When you’re stuck, it’s frustrating.

You’re in a fifty-fifty place where you could go either way. You could take the job or not. You could invest your time or not. You could get out or stay. Go or no go. Fifty-fifty.

You can’t decide.

You’re stuck.

To get unstuck, the first question is: How much time do you have?

The answer can range from no time to years.

If you have no time, you’ll use the process you’ve been trained to use. Or the process you’ve trained yourself to use.

In A Spy’s Guide To Thinking, there’s a process I used when faced with a new enemy. I didn’t have much time to think. Along the way, I got stuck. But the process also got me unstuck. It got me the right answers. Using the process meant I came away with a scar. But I didn’t lose all that I could have.

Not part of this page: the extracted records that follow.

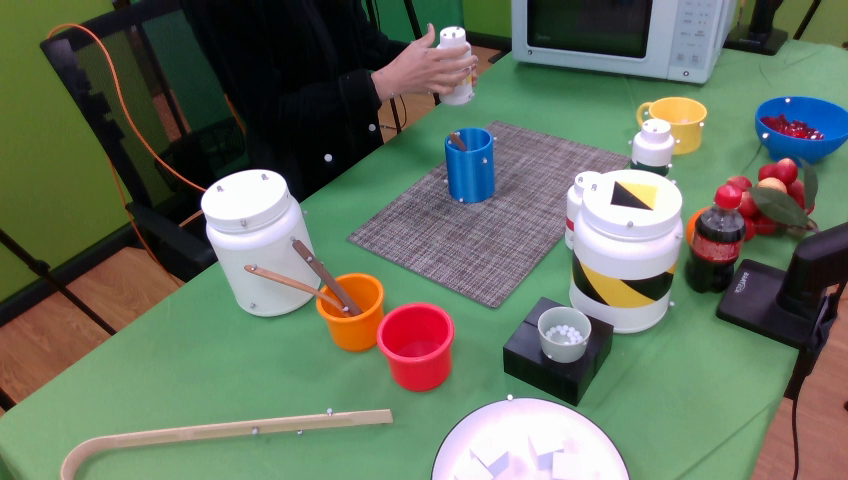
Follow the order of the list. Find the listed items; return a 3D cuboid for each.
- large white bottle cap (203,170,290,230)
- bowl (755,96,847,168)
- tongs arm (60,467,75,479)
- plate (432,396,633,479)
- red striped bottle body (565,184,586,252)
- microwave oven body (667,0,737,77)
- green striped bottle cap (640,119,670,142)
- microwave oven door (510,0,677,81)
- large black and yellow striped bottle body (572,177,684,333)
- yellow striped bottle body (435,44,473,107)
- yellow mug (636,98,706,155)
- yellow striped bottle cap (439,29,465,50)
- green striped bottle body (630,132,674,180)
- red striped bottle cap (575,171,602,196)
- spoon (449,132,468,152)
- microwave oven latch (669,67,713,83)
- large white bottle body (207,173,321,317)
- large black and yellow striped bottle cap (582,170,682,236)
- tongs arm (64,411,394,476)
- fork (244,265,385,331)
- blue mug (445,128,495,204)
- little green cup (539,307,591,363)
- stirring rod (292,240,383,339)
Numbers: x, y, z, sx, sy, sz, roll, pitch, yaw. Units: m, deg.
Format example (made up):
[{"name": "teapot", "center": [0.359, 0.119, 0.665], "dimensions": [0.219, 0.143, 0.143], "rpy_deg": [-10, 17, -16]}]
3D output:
[{"name": "large white bottle cap", "center": [-0.241, -0.057, 0.822], "dimensions": [0.115, 0.018, 0.114], "rpy_deg": [-4, 40, 4]}, {"name": "bowl", "center": [0.645, -0.177, 1.041], "dimensions": [0.151, 0.077, 0.150], "rpy_deg": [-5, 40, 4]}, {"name": "tongs arm", "center": [-0.239, 0.301, 0.648], "dimensions": [0.386, 0.028, 0.028], "rpy_deg": [6, 49, 16]}, {"name": "plate", "center": [0.112, 0.261, 0.634], "dimensions": [0.209, 0.038, 0.208], "rpy_deg": [-5, 40, 4]}, {"name": "red striped bottle body", "center": [0.247, -0.041, 0.910], "dimensions": [0.063, 0.120, 0.062], "rpy_deg": [-3, 39, 3]}, {"name": "microwave oven body", "center": [0.462, -0.552, 1.369], "dimensions": [0.439, 0.261, 0.326], "rpy_deg": [15, 45, 26]}, {"name": "green striped bottle cap", "center": [0.371, -0.175, 0.968], "dimensions": [0.044, 0.020, 0.044], "rpy_deg": [-4, 41, 4]}, {"name": "microwave oven door", "center": [0.354, -0.478, 1.290], "dimensions": [0.353, 0.245, 0.039], "rpy_deg": [15, 45, 25]}, {"name": "large black and yellow striped bottle body", "center": [0.262, 0.017, 0.788], "dimensions": [0.131, 0.185, 0.130], "rpy_deg": [-5, 40, 4]}, {"name": "yellow striped bottle body", "center": [0.054, -0.305, 1.077], "dimensions": [0.063, 0.121, 0.062], "rpy_deg": [-3, 42, 4]}, {"name": "yellow mug", "center": [0.453, -0.217, 1.128], "dimensions": [0.100, 0.064, 0.129], "rpy_deg": [-34, 46, -27]}, {"name": "yellow striped bottle cap", "center": [0.048, -0.345, 1.041], "dimensions": [0.044, 0.019, 0.044], "rpy_deg": [-3, 43, 4]}, {"name": "green striped bottle body", "center": [0.376, -0.135, 1.001], "dimensions": [0.063, 0.120, 0.063], "rpy_deg": [-5, 41, 5]}, {"name": "red striped bottle cap", "center": [0.242, -0.082, 0.876], "dimensions": [0.044, 0.018, 0.044], "rpy_deg": [-5, 44, 5]}, {"name": "spoon", "center": [0.067, -0.143, 0.998], "dimensions": [0.041, 0.195, 0.021], "rpy_deg": [9, 79, 18]}, {"name": "microwave oven latch", "center": [0.556, -0.348, 1.261], "dimensions": [0.078, 0.029, 0.030], "rpy_deg": [16, 46, 27]}, {"name": "large white bottle body", "center": [-0.232, 0.007, 0.876], "dimensions": [0.130, 0.185, 0.130], "rpy_deg": [-5, 40, 4]}, {"name": "large black and yellow striped bottle cap", "center": [0.252, -0.048, 0.735], "dimensions": [0.115, 0.019, 0.114], "rpy_deg": [-3, 40, 3]}, {"name": "tongs arm", "center": [-0.228, 0.241, 0.715], "dimensions": [0.385, 0.026, 0.050], "rpy_deg": [-5, 43, 4]}, {"name": "fork", "center": [-0.142, 0.078, 0.806], "dimensions": [0.209, 0.018, 0.028], "rpy_deg": [30, 32, -23]}, {"name": "blue mug", "center": [0.081, -0.139, 1.058], "dimensions": [0.082, 0.106, 0.116], "rpy_deg": [-4, 40, 4]}, {"name": "little green cup", "center": [0.167, 0.114, 0.721], "dimensions": [0.061, 0.039, 0.061], "rpy_deg": [-4, 43, 4]}, {"name": "stirring rod", "center": [-0.118, 0.068, 0.826], "dimensions": [0.176, 0.006, 0.014], "rpy_deg": [49, 59, -4]}]

If you have more time, you can use strategic tools to get yourself unstuck. You can look forward and reason backward. You can use the simple game theoretic tools in A Spy’s Guide To Strategy to work backward through the games that you, your enemies and your allies want to play.

If you use those tools, most of the time you’ll get unstuck. You’ll see that the hole is in your data collection or your analysis or in the way you’re thinking about the games everyone is playing. But sometimes, those tools don’t get you unstuck.

Sometimes, you need a different tool for getting unstuck.

Here’s one more tool (not mentioned in those books) for getting unstuck: Change the size of the game.

I was helping a big company think through their negotiation strategy on a large deal. They wanted their potential partner to agree to terms that the partner was resisting. After a couple of weeks of back and forth, they were stuck.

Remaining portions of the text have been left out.